Data extracted from a collection:
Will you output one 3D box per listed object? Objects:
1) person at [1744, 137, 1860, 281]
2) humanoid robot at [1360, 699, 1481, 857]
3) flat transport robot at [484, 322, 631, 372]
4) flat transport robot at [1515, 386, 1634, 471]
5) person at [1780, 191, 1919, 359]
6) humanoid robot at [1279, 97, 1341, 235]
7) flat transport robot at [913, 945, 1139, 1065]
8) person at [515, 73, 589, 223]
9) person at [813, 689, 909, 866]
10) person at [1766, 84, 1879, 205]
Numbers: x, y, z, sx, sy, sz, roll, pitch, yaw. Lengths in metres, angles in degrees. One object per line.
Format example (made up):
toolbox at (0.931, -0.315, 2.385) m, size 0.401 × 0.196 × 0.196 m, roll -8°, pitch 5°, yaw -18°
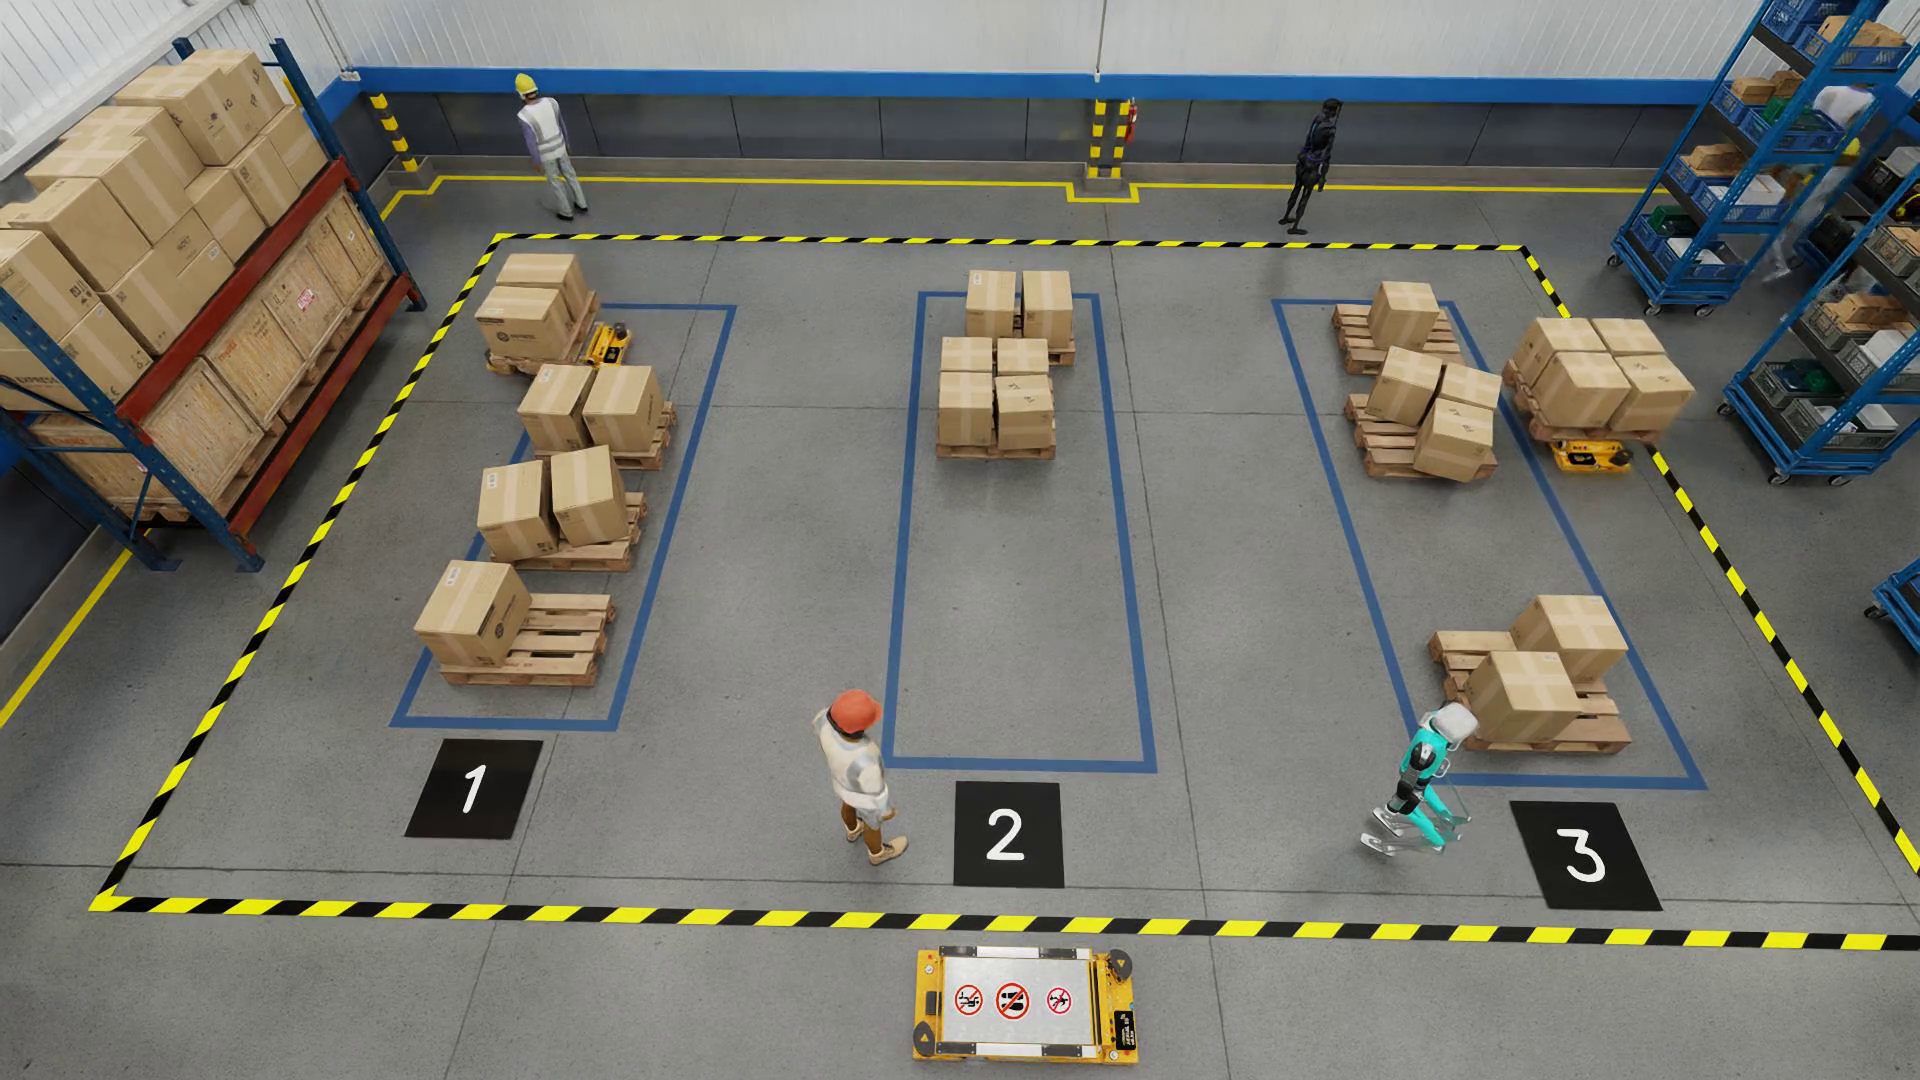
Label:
person at (9.806, -3.815, 10.652) m, size 0.490 × 1.729 × 0.537 m, roll -20°, pitch 54°, yaw -16°
humanoid robot at (3.164, 1.702, 6.067) m, size 0.735 × 1.673 × 0.533 m, roll 35°, pitch 59°, yaw 25°
flat transport robot at (-4.485, -2.164, 10.232) m, size 1.431 × 0.197 × 0.652 m, roll 1°, pitch 51°, yaw 1°
flat transport robot at (6.346, -1.297, 9.525) m, size 0.652 × 0.197 × 1.431 m, roll 1°, pitch 51°, yaw 1°
person at (9.621, -2.787, 9.754) m, size 0.526 × 1.821 × 0.939 m, roll 7°, pitch 51°, yaw 6°
humanoid robot at (4.352, -4.634, 11.344) m, size 0.315 × 1.658 × 0.599 m, roll -8°, pitch 51°, yaw -6°
flat transport robot at (0.422, 3.041, 6.007) m, size 1.431 × 0.231 × 0.659 m, roll 1°, pitch 51°, yaw 1°
person at (-5.129, -4.873, 11.449) m, size 0.404 × 1.829 × 0.599 m, roll 25°, pitch 55°, yaw 19°
person at (-0.643, 1.581, 6.060) m, size 0.387 × 2.033 × 0.604 m, roll -35°, pitch 59°, yaw -25°
person at (10.656, -4.988, 11.446) m, size 0.687 × 1.978 × 0.852 m, roll 31°, pitch 57°, yaw 23°

• **PROBLEM DESCRIPTION**
Retype the portion of the data above that starts on the line with "1) person at [1744, 137, 1860, 281]" and finishes on the line with "6) humanoid robot at [1279, 97, 1341, 235]", including both of those lines.

• **ANSWER SPACE**
1) person at [1744, 137, 1860, 281]
2) humanoid robot at [1360, 699, 1481, 857]
3) flat transport robot at [484, 322, 631, 372]
4) flat transport robot at [1515, 386, 1634, 471]
5) person at [1780, 191, 1919, 359]
6) humanoid robot at [1279, 97, 1341, 235]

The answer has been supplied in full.